Pengamat ekonomi dari Universitas Katolik Atmajaya Jakarta, Yohanes B. Suhartoko yang diminta pendapatnya mengatakan walaupun inflasi di kawasan Asia saat ini lebih rendah dari kawasan lain, tetapi pemicu ketidakpastian yaitu melemahnya pertumbuhan Tiongkok.

"Melemahnya perdagangan international akibat terganggunya rantai pasok berbagai komoditas dan potensi menguatnya dollar Amerika Serikat (AS) karena Federal Reserve masih akan agresif meningkatkan suku bunga acuan Fed Fund Rate (FFR)," kata Suhartoko.

Ia mengingatkan bahwa ancaman yang akan terjadi ke depannya ialah terjadinya imported inflation yakni kenaikan harga barang-barang impor. Kemudian, melemahnya nilai tukar dan tentu saja pertumbuhan ekonomi yang menurun.

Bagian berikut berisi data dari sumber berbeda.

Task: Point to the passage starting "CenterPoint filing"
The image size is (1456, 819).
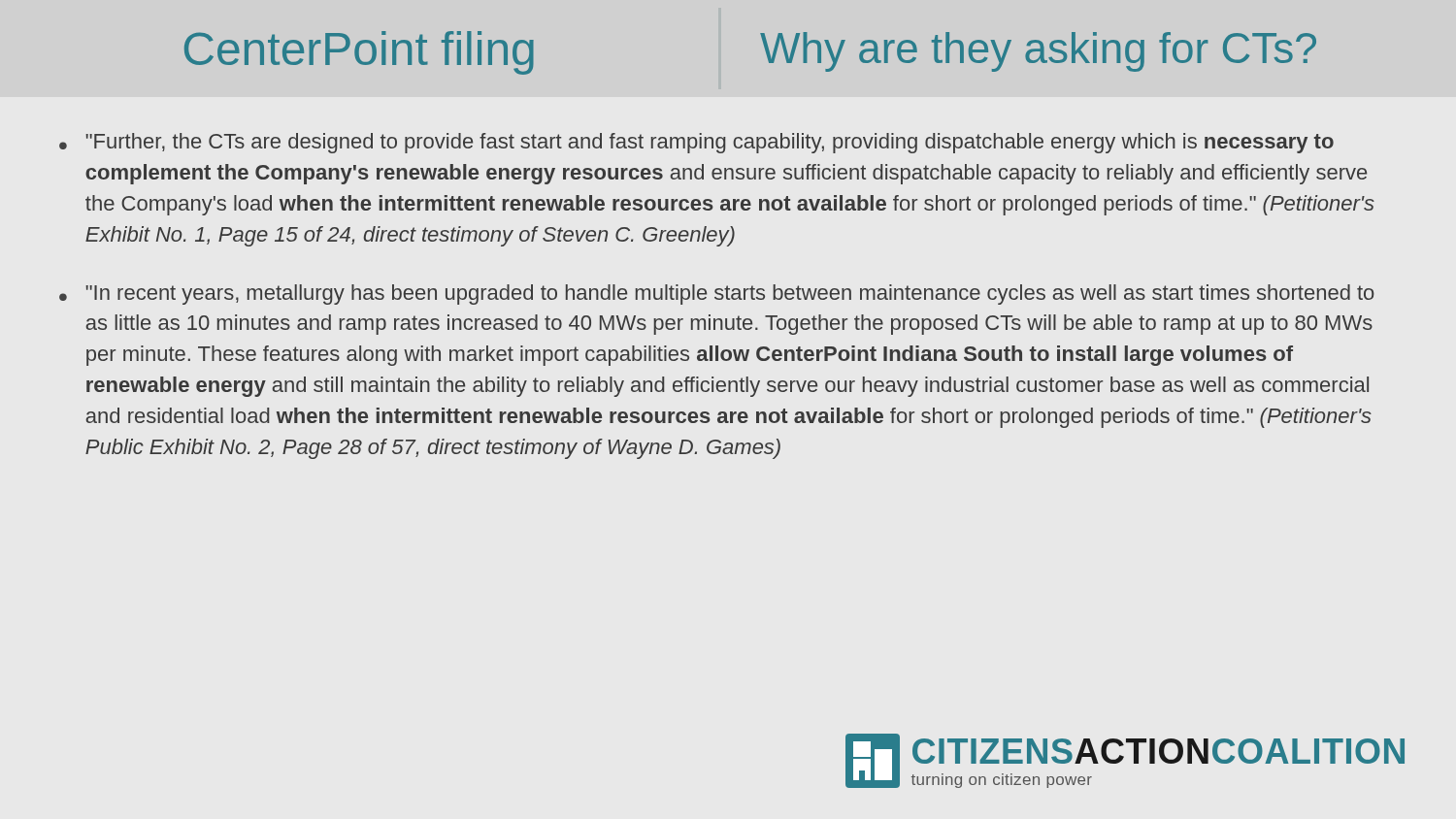Action: pyautogui.click(x=359, y=48)
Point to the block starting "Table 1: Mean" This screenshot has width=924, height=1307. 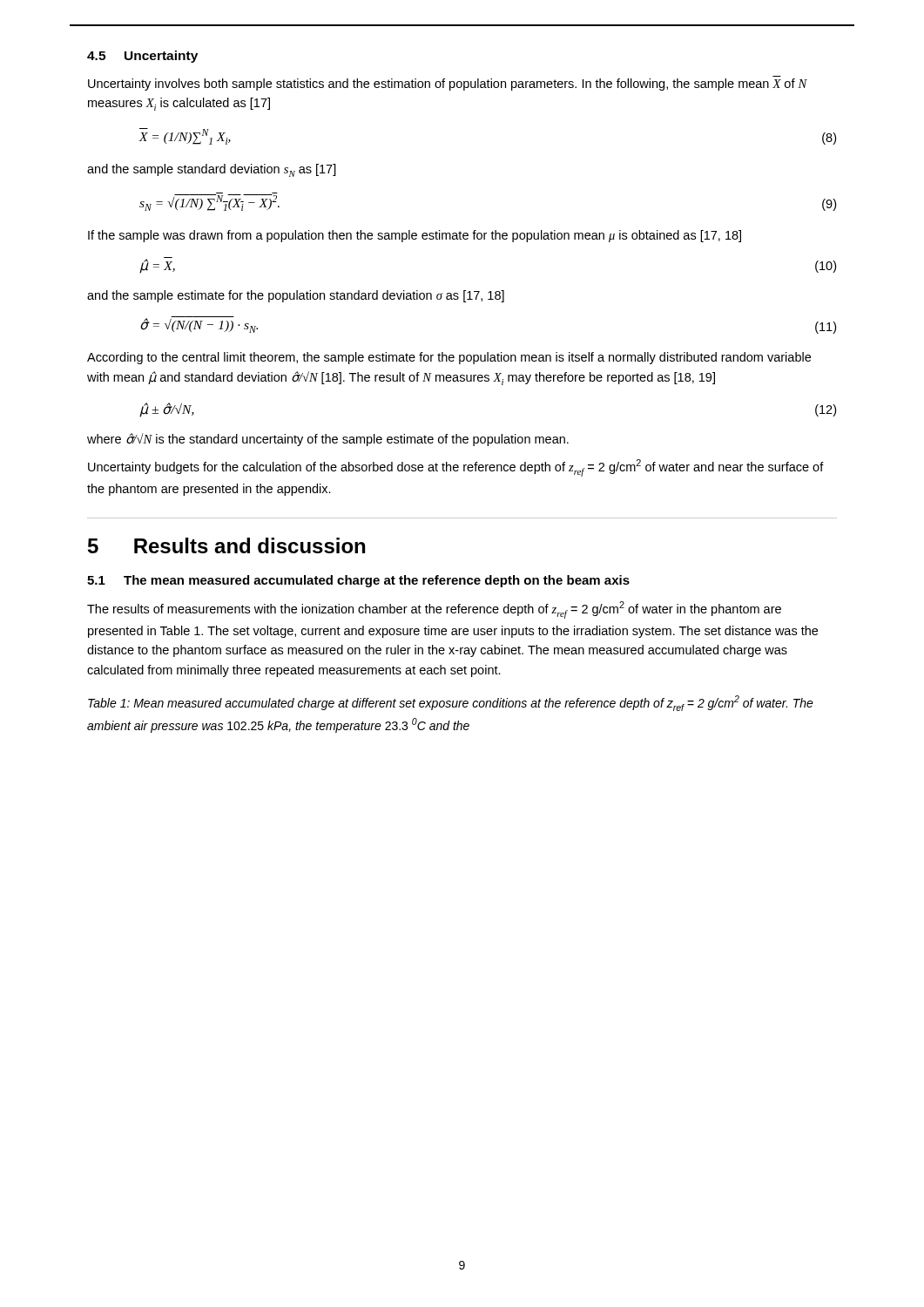point(450,713)
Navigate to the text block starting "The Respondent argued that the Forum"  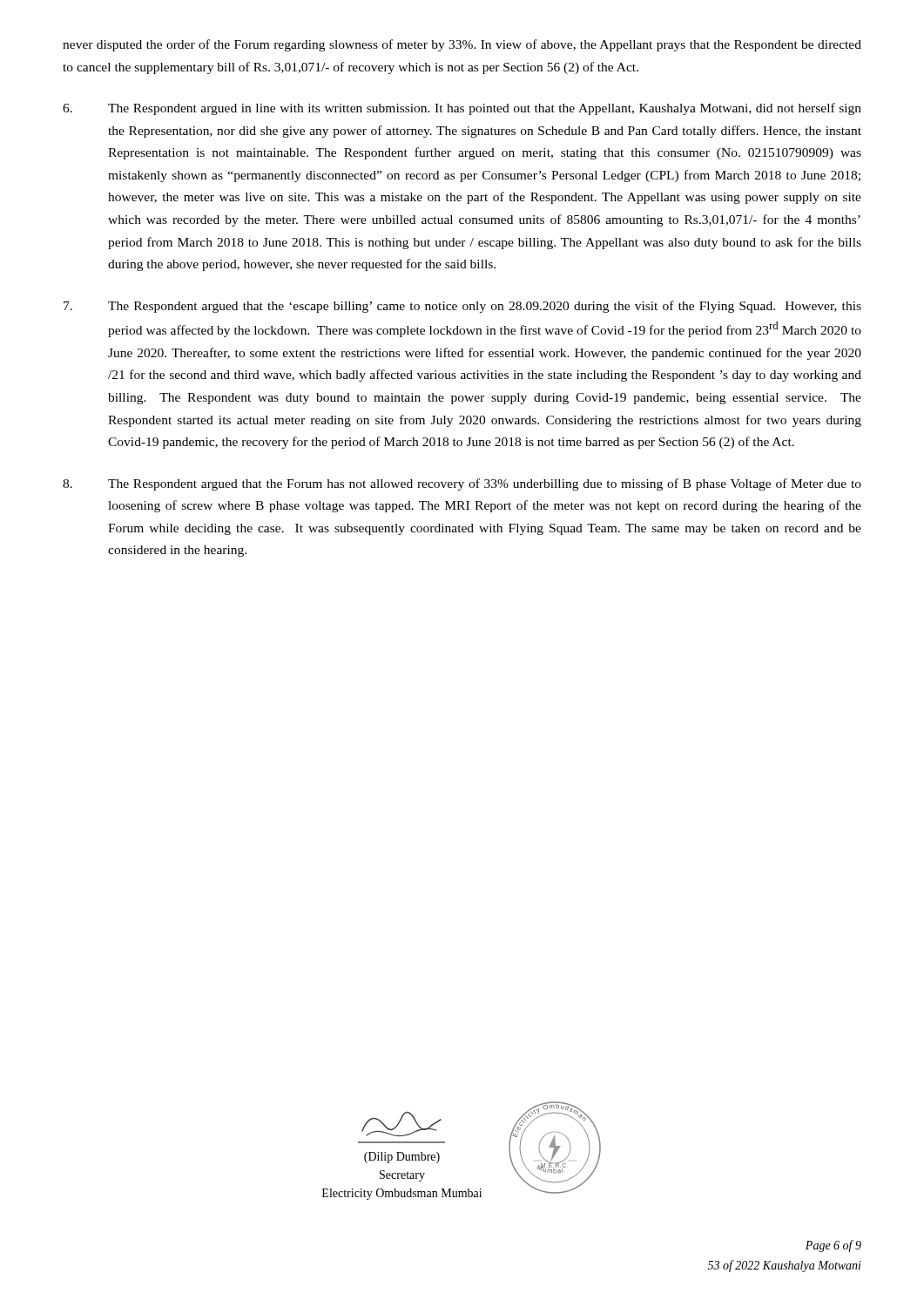pos(462,517)
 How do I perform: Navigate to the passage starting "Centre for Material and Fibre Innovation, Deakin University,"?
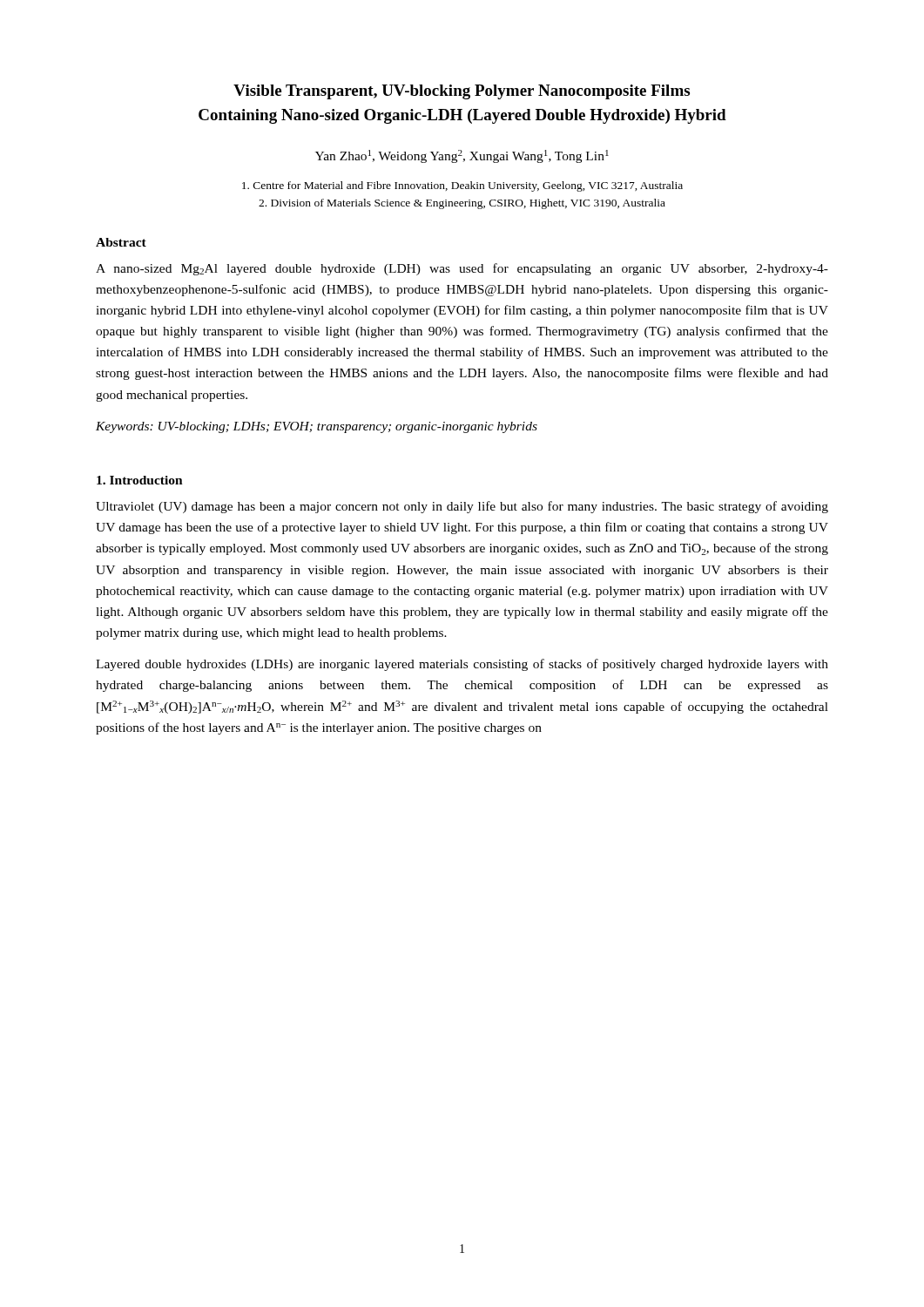pyautogui.click(x=462, y=194)

"Pemerintah harus mengendalikan inflasi terutama yang berkaitan dengan volatile food dan administered price lebih intensif," katanya.

Pada saat bersamaan, Pemerintah harus meningkatkan daya beli masyarakat dengan subsidi langsung yang tepat sasaran. Hal lainnya, regulator harus mengelola ekspektasi masyarakat dan stabilisasi nilai tukar dengan kebijakan moneter dan pengawasan devisa.

Secara terpisah, pengamat ekonomi dari Universitas Surabaya (Ubaya) Bambang Budiarto, meyakini bahwa Indonesia akan mampu melewati masa-masa krisis ke depan jika melepaskan diri dari kebergantungan pada impor.

"Ekonomi terkini benar-benar mirip bola yang bisa bergerak kesana kemari naik dan turun. Pergerakan suku bunga acuan, pergeseran ekspektasi ekonomi, juga dorongan dan tarikan variabel-variabel non ekonomi, semuanya bermuara pada situasi dan kondisi ekonomi terkini," kata Bambang.